The AIChE project requires that students create a chemically powered model car that can carry a certain weight (up to 500 ml of water) and travel a certain distance (between 50 and 100 feet) on a course laid out like a track and field event for javelin or a discus toss. Once the parameters for weight and distance are set, the teams must calibrate their chemical reactions so that the car stays within bounds and travels nearest to the finishing line without additional interference.

Tim Boire, Andrew Sharp, and Stephen Crimlisk test an early prototype of their mini methanol fueled racer that uses a proton exchange membrane to power the motor.

"You're supposed to have your car calibrated chemically to go that distance without any mechanical brakes or electrical timing devices. You can vary your flow rates, pressure, or concentration. We're looking to vary our volume," says Boire, who is also the vice president of the Tufts chapter of AIChE.

The Tufts AIChE team decided they would use methanol as their chemical of choice to fuel their mini racer. The model car runs well on the power of two AA batteries; but to use a chemical like methanol as the energy source, the team went with an off-the-shelf component fuel cell called a TekStak made by Parker Hannifin Corp.

The TekStak technology uses a proton exchange membrane (PEM) to use hydrogen ions stripped from methanol to power the car in what is called a direct-methanol fuel cell.

"The methanol delivers protons—hydrogen—across the membrane," says Boire. "It's a little easier than using hydrogen gas in terms of delivering to your system, especially if we have to do a lot of runs with it."

Sharp says that the Department of Defense is interested in the direct methanol-fuel cell technology because of its power and versatility. "The military likes them because their power to weight ratio is ten times better than a battery," says Sharp. "So instead of a soldier carrying around batteries for a laptop, GPS or a walkie-talkie, they use a methanol fuel-cell that's like a tenth that weight. That means more room for food or equipment."

"Convenience on race day is huge," Sharp says. "If we used a hydrogen fuel cell, we'd have to have pressure tanks and a constant supply of everything. We reduce the amount of variables going with methanol."

But when they attended the AIChE competition in April, Boire says he was surprised that of the four universities that competed, the three successful mini-racers used hydrogen as their primary fuel.

"We were thinking with hydrogen it'd be inconvenient to store. We might be able to get enough out of our methanol fuel cell, but if that doesn't work we know that hydrogen does," says Boire. The Tufts team also saw some neat add-ons including an optical switch that further refined the motion of the car. "One team had an iodine reaction, so when it changed colors there was an optical switch that would turn the motor off. That was something I never thought of," he says.

The team needed to work out some unforeseen mechanical and electrical engineering issues with the motor and gear ratio. But with the implementation of a motor in a gearbox, they were able to overcome this obstacle. The car is now able to run at 20 feet/min, Sharp says, adding that “simply adding a permanent belt drive instead of using a rubber band will increase the speed by around 75%.”

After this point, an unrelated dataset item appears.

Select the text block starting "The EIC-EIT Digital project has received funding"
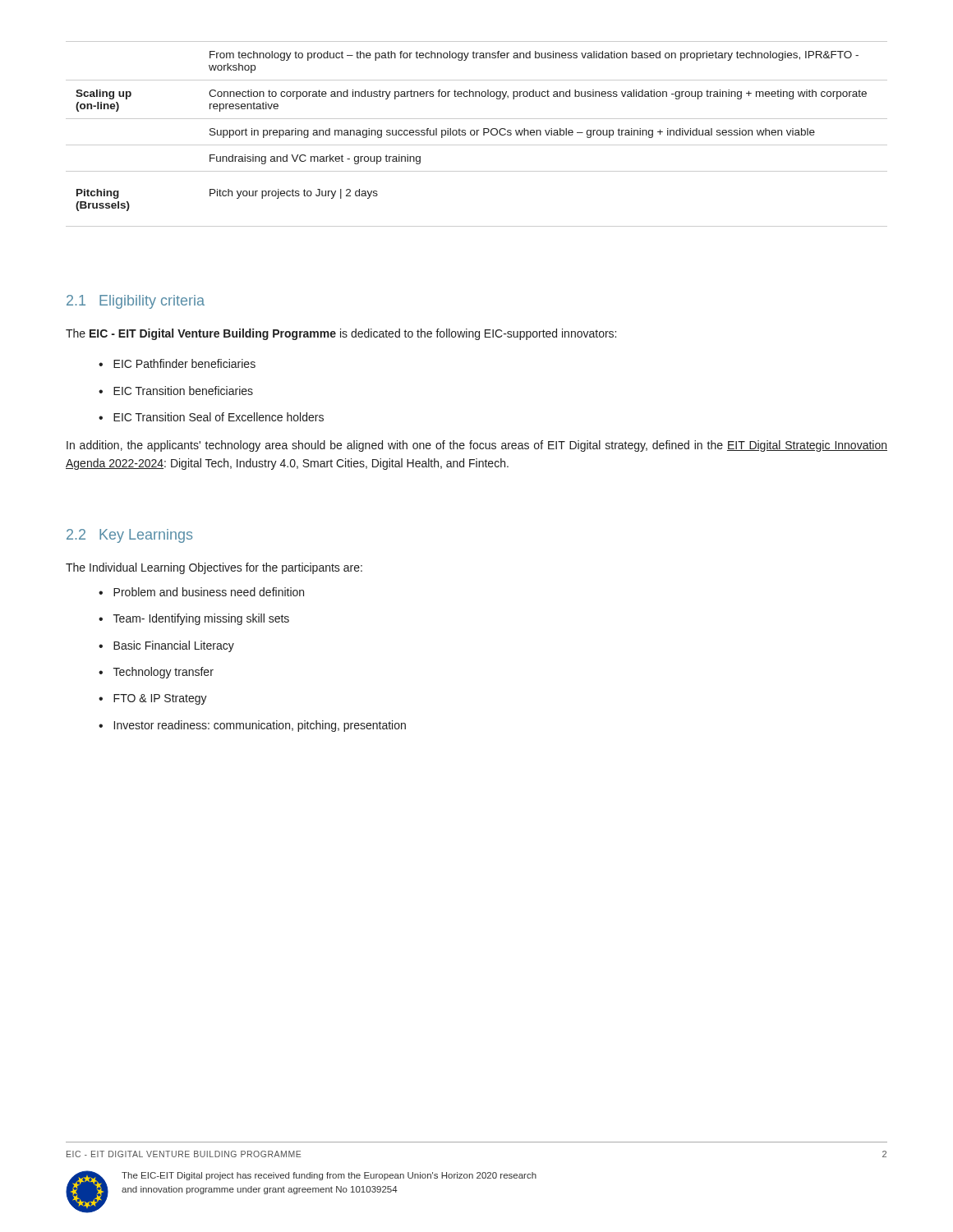The height and width of the screenshot is (1232, 953). click(329, 1182)

Though the chemical engineers will graduate this year without competing, they will pass on their methanol mini racer to the rising underclassman for the competition next year. “If our car can work, there’s not much they have to do for next year except for calibrating and optimizing it,” says Crimlisk.

"Starting from the ground up has been a little rough," says Sharp. Boire agrees, "Starting up the first year, it's hard to get a great product. There are problems that you don't anticipate that you have to figure out solutions for."

But on the whole, Boire says and he is optimistic about the project's future. "We'd like to turn this project into an annual event so that Tufts engineers are showing everybody across the country what we can do," he says.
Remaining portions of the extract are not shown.